Стояла жара, я лежал на спине голый рядом с Джамилой. Все окна были открыты, и с улицы вливались в комнату выхлопы машин и ругань безработных. Джамила попросила трахнуть её, и я стал мазать ей между ног вазелином, руководствуясь инструкциями вроде «сильнее», «еще сильнее, пожалуйста» и «да, но ты все-таки не зубы чистишь, а любовью занимаешься». Я спросил, щекоча ей носом ухо:
— А Чангиз тебе совсем безразличен?
По-моему, мой вопрос её удивил.
— Чангиз? Он милый, правда, так симпатично хрюкает от удовольствия, когда читает, ходит и спрашивает, не хочу ли я чего-нибудь поесть. Но меня вынудили стать его женой. Он мне тут не нужен. И я не вижу причины испытывать к нему какие-либо чувства.

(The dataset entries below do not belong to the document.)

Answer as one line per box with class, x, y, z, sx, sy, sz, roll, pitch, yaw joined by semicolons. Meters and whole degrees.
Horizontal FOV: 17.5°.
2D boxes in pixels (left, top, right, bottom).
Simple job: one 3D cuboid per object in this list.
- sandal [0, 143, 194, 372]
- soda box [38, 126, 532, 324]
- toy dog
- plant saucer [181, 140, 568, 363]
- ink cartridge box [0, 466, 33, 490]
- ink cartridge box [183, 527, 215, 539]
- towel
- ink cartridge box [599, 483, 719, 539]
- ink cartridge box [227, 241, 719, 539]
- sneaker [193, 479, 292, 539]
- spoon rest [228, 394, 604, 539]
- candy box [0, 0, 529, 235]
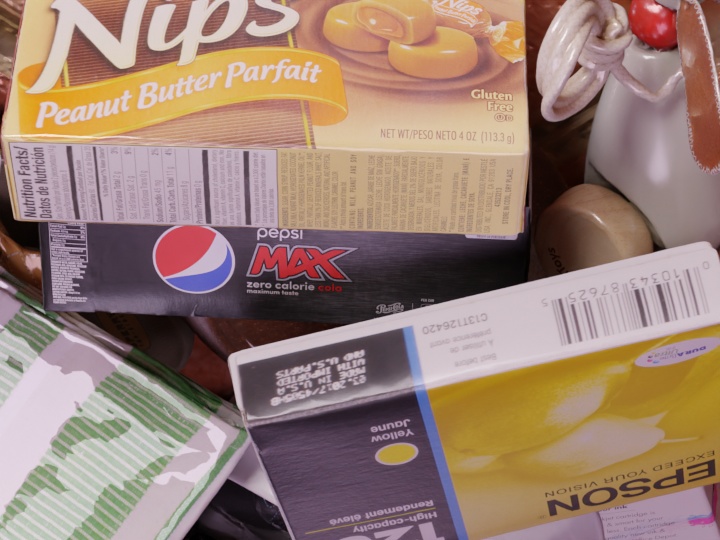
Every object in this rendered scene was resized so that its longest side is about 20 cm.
sandal;-0.136;0.004;1.083;0.080;0.054;0.200;-13;140;19
soda box;-0.029;-0.023;0.965;0.199;0.071;0.064;3;124;2
toy dog;0.140;-0.058;0.940;0.096;0.132;0.200;29;156;19
plant saucer;0.000;0.000;1.054;0.200;0.037;0.201;4;131;4
ink cartridge box;-0.251;0.056;1.117;0.199;0.104;0.059;11;142;-10
ink cartridge box;-0.125;0.171;1.202;0.199;0.176;0.084;22;105;8
towel;-0.167;0.078;1.061;0.200;0.023;0.153;31;104;-17
ink cartridge box;0.120;0.101;1.187;0.116;0.068;0.200;-8;143;14
ink cartridge box;0.061;0.075;0.986;0.197;0.047;0.200;-14;145;3
sneaker;-0.028;0.113;1.185;0.200;0.082;0.073;30;-174;15
spoon rest;0.018;0.114;1.102;0.199;0.100;0.061;20;-173;12
candy box;-0.034;-0.076;0.922;0.199;0.116;0.055;1;141;1
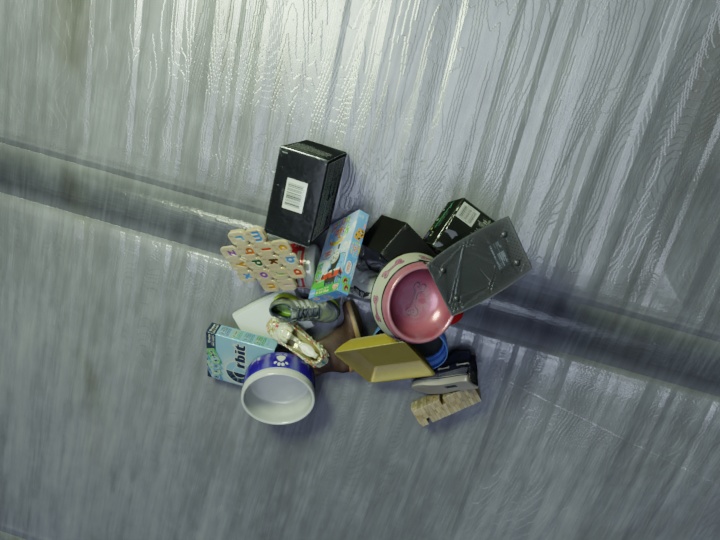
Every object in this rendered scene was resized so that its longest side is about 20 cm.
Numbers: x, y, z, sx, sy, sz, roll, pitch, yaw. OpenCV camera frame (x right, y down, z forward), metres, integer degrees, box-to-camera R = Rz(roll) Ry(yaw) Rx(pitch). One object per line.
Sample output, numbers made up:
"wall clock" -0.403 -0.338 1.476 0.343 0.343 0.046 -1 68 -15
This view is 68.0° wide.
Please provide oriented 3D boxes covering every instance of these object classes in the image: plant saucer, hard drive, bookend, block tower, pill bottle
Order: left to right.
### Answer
"hard drive" -0.238 0.133 1.468 0.197 0.026 0.134 -27 101 15
"pill bottle" -0.204 -0.013 1.372 0.194 0.112 0.115 1 107 8
"plant saucer" 0.065 0.214 1.338 0.196 0.049 0.200 -13 142 27
"bookend" 0.114 -0.024 1.284 0.092 0.200 0.199 -46 109 -2
"block tower" 0.234 0.353 1.445 0.197 0.054 0.058 -30 101 17
"hard drive" 0.243 -0.010 1.107 0.197 0.042 0.137 -30 98 -2

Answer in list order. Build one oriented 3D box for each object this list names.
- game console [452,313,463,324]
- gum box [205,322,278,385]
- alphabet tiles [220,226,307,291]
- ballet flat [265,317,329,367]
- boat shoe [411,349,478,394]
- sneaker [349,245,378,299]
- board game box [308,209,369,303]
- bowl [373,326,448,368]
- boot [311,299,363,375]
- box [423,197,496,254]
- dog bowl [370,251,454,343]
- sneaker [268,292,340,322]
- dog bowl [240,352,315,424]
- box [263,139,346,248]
"game console" 0.149 0.064 1.320 0.195 0.180 0.031 -8 136 10
"gum box" -0.328 0.244 1.482 0.195 0.045 0.173 13 126 5
"alphabet tiles" -0.229 -0.023 1.270 0.191 0.015 0.202 -5 134 25
"ballet flat" -0.167 0.183 1.409 0.197 0.064 0.077 31 83 8
"boat shoe" 0.225 0.268 1.420 0.197 0.095 0.074 -15 141 36
"sneaker" 0.000 0.000 1.332 0.197 0.074 0.118 12 107 43
"board game box" -0.053 -0.031 1.278 0.036 0.150 0.204 25 68 -25
"bowl" 0.129 0.186 1.377 0.195 0.040 0.204 8 136 8
"boot" -0.072 0.186 1.432 0.162 0.073 0.205 -10 107 11
"box" 0.240 -0.071 1.228 0.147 0.200 0.126 36 93 -2
"dog bowl" 0.123 0.067 1.161 0.195 0.074 0.206 -3 101 -14
"sneaker" -0.148 0.108 1.383 0.194 0.081 0.076 2 106 13
"dog bowl" -0.219 0.319 1.438 0.194 0.080 0.204 -2 126 -3
"box" -0.128 -0.188 1.261 0.120 0.199 0.205 18 109 6
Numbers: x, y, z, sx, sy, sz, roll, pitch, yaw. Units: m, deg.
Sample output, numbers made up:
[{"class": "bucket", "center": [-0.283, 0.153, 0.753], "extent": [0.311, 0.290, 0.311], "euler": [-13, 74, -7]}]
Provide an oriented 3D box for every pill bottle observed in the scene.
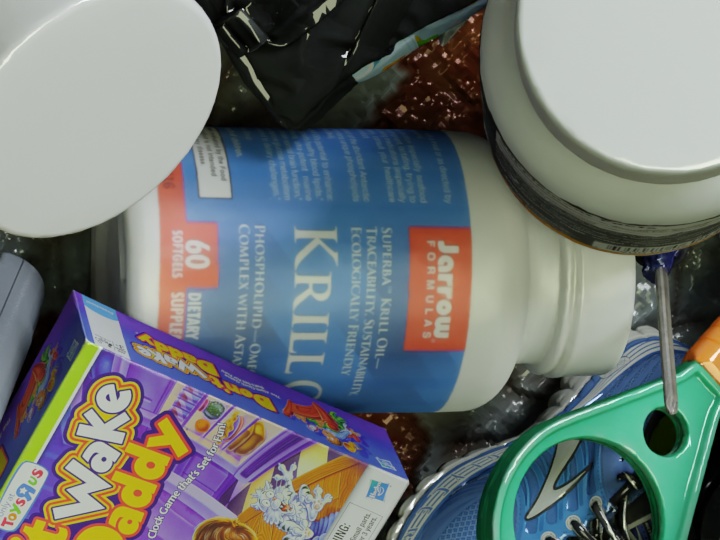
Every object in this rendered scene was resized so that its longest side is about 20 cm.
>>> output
[{"class": "pill bottle", "center": [0.000, 0.000, 0.998], "extent": [0.199, 0.112, 0.113], "euler": [-1, 107, -13]}, {"class": "pill bottle", "center": [0.098, -0.068, 0.872], "extent": [0.116, 0.200, 0.117], "euler": [0, 85, 3]}, {"class": "pill bottle", "center": [-0.140, -0.108, 0.854], "extent": [0.114, 0.200, 0.114], "euler": [-27, 143, -23]}]

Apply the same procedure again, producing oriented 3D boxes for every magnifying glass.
[{"class": "magnifying glass", "center": [0.121, 0.057, 0.996], "extent": [0.080, 0.022, 0.200], "euler": [47, 68, -8]}]

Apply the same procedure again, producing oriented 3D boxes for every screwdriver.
[{"class": "screwdriver", "center": [0.112, 0.006, 0.986], "extent": [0.029, 0.200, 0.028], "euler": [28, 114, -3]}]

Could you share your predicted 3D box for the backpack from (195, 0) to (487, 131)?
[{"class": "backpack", "center": [0.023, -0.172, 0.946], "extent": [0.200, 0.154, 0.163], "euler": [-29, 104, 14]}]

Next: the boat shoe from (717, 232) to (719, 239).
[{"class": "boat shoe", "center": [0.152, -0.081, 1.039], "extent": [0.065, 0.074, 0.200], "euler": [-33, 121, -7]}]

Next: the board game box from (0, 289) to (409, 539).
[{"class": "board game box", "center": [-0.091, 0.124, 0.944], "extent": [0.134, 0.045, 0.200], "euler": [25, 106, -21]}]

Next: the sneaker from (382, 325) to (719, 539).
[{"class": "sneaker", "center": [0.086, 0.100, 1.029], "extent": [0.200, 0.089, 0.079], "euler": [-44, 121, -21]}]

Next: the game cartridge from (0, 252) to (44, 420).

— А что если он тебя любит, Джамила?
Она села и уставилась на меня. Потом выставила вперед руку и произнесла со страстью:
— Карим, в мире много людей, которым нужна забота и сочувствие, в этой расистской стране много угнетенных людей, таких, как наш народ, который каждый день подвергается оскорблениям. Вот их я жалею, а не мужа. Честно говоря, он иногда раздражает меня до безумия. Чем он живет — разве это жизнь? Жалкое зрелище!
Я покрывал её живот и грудь поцелуями, как она любит, покусывал и щипал, пытаясь отвлечь, но она все равно думала о Чангизе.
— Он вообще-то просто паразит, сексуально недоразвитый. Вот что я о нем думаю, уж если думаю.
— Сексуально недоразвитый? Он сейчас как раз пошел развиваться. К своей постоянной проститутке. Зовут её Шинко.
— Нет! Серьезно? Правда?
— Самая что ни на есть.
— Рассказывай, рассказывай!
И я рассказал о покровительствующем Чангизу святом по имени Гарольд Роббинс, о Шинко, о проблемах с выбором позы. В результате нам захотелось самим испробовать многочисленные позиции, этим же наверняка занимались и Чангиз с Шинко, пока мы здесь перемывали им косточки. Позже, когда мы лежали, обнявшись, она сказала:
— А ты-то как живешь, Карим? Ты какой-то грустный.
Мне и вправду было грустно. Как же было не грустить, когда мама день за днем не встает с кровати в чужом доме, совершенно раздавленная тем, что папа ушел к другой. Оправится ли она когда-нибудь? Она обладает такими великолепными качествами, моя мама, — обаянием, добротой, порядочностью, но оценит ли кто-нибудь эти достоинства, не причинит ли ей снова боль?
Потом Джамила спросила:
— Что ты теперь собираешься делать, Карим, ты ведь бросил колледж?
— Как бросил? Не бросил. Просто реже появляюсь на лекциях. Давай не будем об этом, а то у меня депрессия начнется. А ты что будешь делать в жизни?
Она вдохновенно заговорила:
— Я-то не бездельничаю, как может показаться с первого взгляда. Я серьезно готовлюсь. Только не знаю пока, к чему. Просто чувствую, что мне необходимо знать вещи, которые однажды мне очень пригодятся, чтобы понять, как устроен мир.